EXERCISE INSTRUCTIONS:
Only text is carried over. Reproduce the entries below exactly.
*** EXTRACTED INFORMATION ***
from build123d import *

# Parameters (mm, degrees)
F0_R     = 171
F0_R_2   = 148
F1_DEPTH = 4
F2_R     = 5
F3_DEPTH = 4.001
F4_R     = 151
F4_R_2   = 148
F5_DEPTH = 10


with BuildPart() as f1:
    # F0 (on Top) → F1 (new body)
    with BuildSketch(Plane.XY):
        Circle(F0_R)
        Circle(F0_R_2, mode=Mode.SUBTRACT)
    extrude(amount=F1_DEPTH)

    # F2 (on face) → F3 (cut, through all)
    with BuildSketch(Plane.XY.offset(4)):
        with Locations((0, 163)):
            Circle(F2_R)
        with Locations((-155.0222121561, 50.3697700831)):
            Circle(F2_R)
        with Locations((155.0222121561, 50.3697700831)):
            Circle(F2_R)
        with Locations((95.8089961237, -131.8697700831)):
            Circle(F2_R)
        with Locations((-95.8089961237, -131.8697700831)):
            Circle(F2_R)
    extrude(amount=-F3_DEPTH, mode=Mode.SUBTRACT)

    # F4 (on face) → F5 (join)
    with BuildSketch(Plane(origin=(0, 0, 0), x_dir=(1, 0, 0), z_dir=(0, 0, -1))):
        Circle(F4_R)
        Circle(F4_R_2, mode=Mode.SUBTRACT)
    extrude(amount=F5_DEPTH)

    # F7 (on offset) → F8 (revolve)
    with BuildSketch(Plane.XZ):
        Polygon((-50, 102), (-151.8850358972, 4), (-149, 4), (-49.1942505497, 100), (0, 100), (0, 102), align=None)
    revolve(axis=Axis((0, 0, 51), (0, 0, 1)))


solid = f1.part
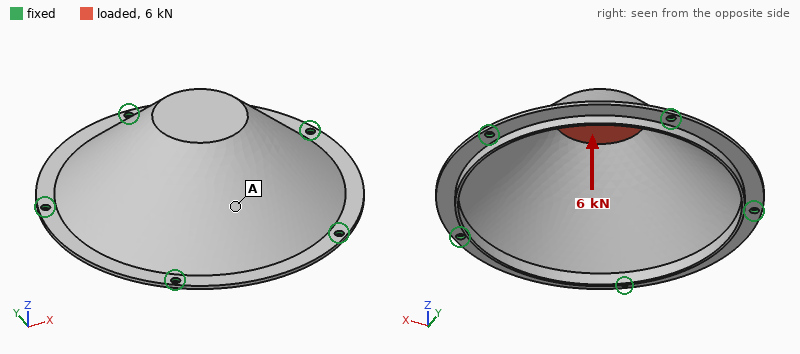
***
OUTPUT FOR THIS TASK:
from build123d import *

# Parameters (mm, degrees)
F0_R     = 171
F0_R_2   = 148
F1_DEPTH = 4
F2_R     = 5
F3_DEPTH = 4.001
F4_R     = 151
F4_R_2   = 148
F5_DEPTH = 10


with BuildPart() as f1:
    # F0 (on Top) → F1 (new body)
    with BuildSketch(Plane.XY):
        Circle(F0_R)
        Circle(F0_R_2, mode=Mode.SUBTRACT)
    extrude(amount=F1_DEPTH)

    # F2 (on face) → F3 (cut, through all)
    with BuildSketch(Plane.XY.offset(4)):
        with Locations((0, 163)):
            Circle(F2_R)
        with Locations((-155.0222121561, 50.3697700831)):
            Circle(F2_R)
        with Locations((155.0222121561, 50.3697700831)):
            Circle(F2_R)
        with Locations((95.8089961237, -131.8697700831)):
            Circle(F2_R)
        with Locations((-95.8089961237, -131.8697700831)):
            Circle(F2_R)
    extrude(amount=-F3_DEPTH, mode=Mode.SUBTRACT)

    # F4 (on face) → F5 (join)
    with BuildSketch(Plane(origin=(0, 0, 0), x_dir=(1, 0, 0), z_dir=(0, 0, -1))):
        Circle(F4_R)
        Circle(F4_R_2, mode=Mode.SUBTRACT)
    extrude(amount=F5_DEPTH)

    # F7 (on offset) → F8 (revolve)
    with BuildSketch(Plane.XZ):
        Polygon((-50, 102), (-151.8850358972, 4), (-149, 4), (-49.1942505497, 100), (0, 100), (0, 102), align=None)
    revolve(axis=Axis((0, 0, 51), (0, 0, 1)))


solid = f1.part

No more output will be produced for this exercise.